Back in 2017, the deep learning folks were trying to achieve state-of-the-art performance in sequence to sequence modeling. They used RNN’s like LSTM and GRU. The best performing model connects the encoder and decoder through an attention mechanism. Where the encoder is used to encode some sequence into rich embeddings and decoder decodes that embedding to different sequence. Example, language translation.

Table of contents

Sequence to sequence modeling and limitations of RNNs

RNN had the vanishing gradient problem, models like LSTM and GRU emerged to tackle this problem but realized that altho the text may look better than rubbish, its still rubbish. It may look like English, but jumbled words and the sentence has no meaning.

  • https://arxiv.org/pdf/1409.0473 (TLDR, first paper on using attention on RNN)
  • https://arxiv.org/pdf/1601.06733 – This is a good paper on visualizing attention mechanism and using LSTM with Attention

They then tried to use attention mechanism with LSTM, Aligning the positions to steps in computation time, they generate a sequence of hidden states ht , as a function of the previous hidden state ht−1 and the input for position t. This inherently sequential nature precludes parallelization within training examples, which becomes critical at longer sequence lengths, as memory constraints limit batching across examples. Recent work has achieved significant improvements in computational efficiency through factorization tricks and conditional computation, while also improving model performance in case of the latter. The fundamental constraint of sequential computation, however, remains.

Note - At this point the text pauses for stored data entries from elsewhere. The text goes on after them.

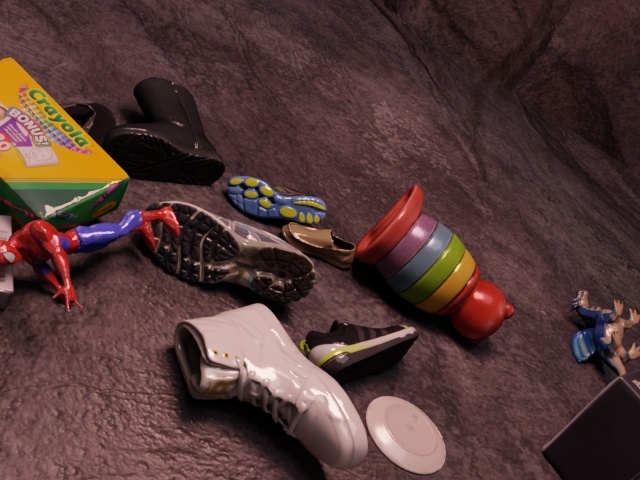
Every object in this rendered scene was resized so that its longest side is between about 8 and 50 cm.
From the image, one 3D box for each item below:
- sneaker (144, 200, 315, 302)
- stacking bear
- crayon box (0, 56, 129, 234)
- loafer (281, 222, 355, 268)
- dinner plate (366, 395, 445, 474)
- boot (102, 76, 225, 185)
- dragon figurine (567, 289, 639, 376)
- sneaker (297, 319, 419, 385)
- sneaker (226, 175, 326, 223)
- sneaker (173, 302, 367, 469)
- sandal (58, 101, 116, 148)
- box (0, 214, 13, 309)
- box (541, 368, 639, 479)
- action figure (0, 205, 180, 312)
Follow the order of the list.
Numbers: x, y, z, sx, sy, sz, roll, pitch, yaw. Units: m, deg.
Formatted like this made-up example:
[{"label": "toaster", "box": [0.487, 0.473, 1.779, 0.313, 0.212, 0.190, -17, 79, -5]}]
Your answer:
[{"label": "sneaker", "box": [-0.149, 0.016, 1.282, 0.283, 0.110, 0.122, 24, 9, -11]}, {"label": "stacking bear", "box": [0.221, 0.066, 1.486, 0.289, 0.175, 0.164, 41, 19, -5]}, {"label": "crayon box", "box": [-0.435, -0.130, 1.169, 0.278, 0.081, 0.165, 44, 42, 9]}, {"label": "loafer", "box": [0.000, 0.000, 1.466, 0.148, 0.050, 0.056, 23, 32, -17]}, {"label": "dinner plate", "box": [0.133, 0.289, 1.220, 0.141, 0.017, 0.141, 25, 31, -16]}, {"label": "boot", "box": [-0.298, -0.205, 1.426, 0.246, 0.094, 0.207, 9, 42, -46]}, {"label": "dragon figurine", "box": [0.582, 0.218, 1.673, 0.085, 0.144, 0.289, 26, 51, -16]}, {"label": "sneaker", "box": [0.062, 0.155, 1.274, 0.234, 0.084, 0.097, -7, 48, -48]}, {"label": "sneaker", "box": [-0.084, -0.070, 1.486, 0.188, 0.067, 0.078, 14, 2, -15]}, {"label": "sneaker", "box": [-0.082, 0.203, 1.063, 0.169, 0.108, 0.292, -5, 38, -45]}, {"label": "sandal", "box": [-0.420, -0.183, 1.323, 0.097, 0.054, 0.254, 38, 31, 7]}, {"label": "box", "box": [-0.484, 0.011, 1.007, 0.186, 0.038, 0.145, 13, 37, -33]}, {"label": "box", "box": [0.621, 0.412, 1.316, 0.293, 0.212, 0.395, -4, 46, -45]}, {"label": "action figure", "box": [-0.305, 0.032, 1.079, 0.280, 0.091, 0.139, -7, 74, -52]}]
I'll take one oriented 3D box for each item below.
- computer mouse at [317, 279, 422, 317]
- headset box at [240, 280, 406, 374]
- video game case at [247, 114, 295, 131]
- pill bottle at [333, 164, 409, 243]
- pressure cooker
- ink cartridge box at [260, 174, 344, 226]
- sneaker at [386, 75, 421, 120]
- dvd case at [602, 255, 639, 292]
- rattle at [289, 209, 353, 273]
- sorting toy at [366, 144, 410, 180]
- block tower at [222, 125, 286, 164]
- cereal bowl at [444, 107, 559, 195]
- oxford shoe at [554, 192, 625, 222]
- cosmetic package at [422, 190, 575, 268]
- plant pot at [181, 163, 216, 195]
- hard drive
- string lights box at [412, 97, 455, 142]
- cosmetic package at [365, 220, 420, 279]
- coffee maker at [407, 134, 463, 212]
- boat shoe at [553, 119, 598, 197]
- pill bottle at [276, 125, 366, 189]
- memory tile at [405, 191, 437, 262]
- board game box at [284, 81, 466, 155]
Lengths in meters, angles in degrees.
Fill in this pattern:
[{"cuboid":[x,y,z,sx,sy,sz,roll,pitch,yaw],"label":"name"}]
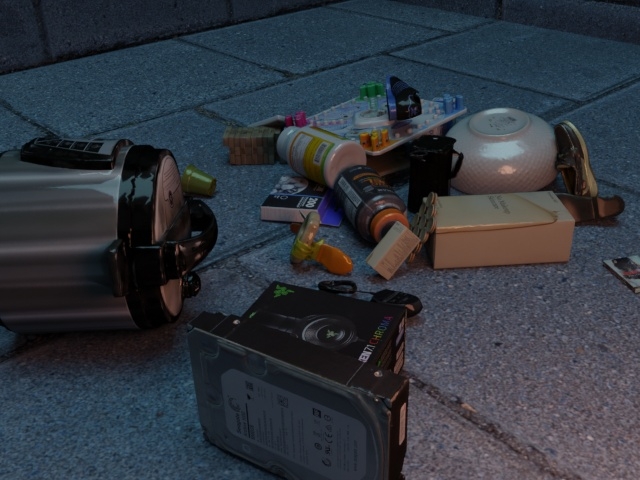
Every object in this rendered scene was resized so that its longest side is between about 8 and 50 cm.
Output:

RNN generates a sequence of hidden states ht, as a function of the previous hidden states ht-1 and the input for position t. This in a natural way, prevents the sequence to be trained parallelly, which becomes critical at longer sequence lengths, as memory constaints limit batching across examples. There are researches that had significant improvements in computational efficiency through factorization tricks and conditional computation, while also improving model performance. But the fundamental constraint of sequential computation still remains.

TLDR, one limitation is their computational complexity, especially with longer sequences, which can lead to slower training and inference times. They might struggle with capturing long-range dependencies in sequences.

Transformer

Transformer was the first model architecture which avoided RNN and instead relying entirly on an attention mechanism to draw global dependencies between input and output. Transformer allows for significantly more parallelization and thus requires less time to train.

attention mechanism
shows how the next word is predicted based on the previous words, Image is stolen from here: https://arxiv.org/pdf/1601.06733, I might create a project to visualize this myself stay tuned :D

Model Architecture

The paper was for natural language translation and most competitive neural sequence transduction model have an encoder-decoder structure, so the transformer proposed is also an encoder-decoder transformer. Where the encoder took sequence x (1->n) and generates continuous representation z (1->n). Given z, the decoder then generates an output sequence one element at a time. At each step the model is auto-regressive. Consuming the previously generated symbols as additinal input when generating the next.

transformer arc
Transformer Architecture: taken from the all time fav paper, Attention is All You Need.

Attention

Understanding the attention is the core of transformer. Attention can be defined as mapping a query and a set of key-value pairs to an output, where the query, key, values and output are all vectors.

transformer arc
Scaled Dot-product attention: again, taken from the all time fav paper, Attention is All You Need.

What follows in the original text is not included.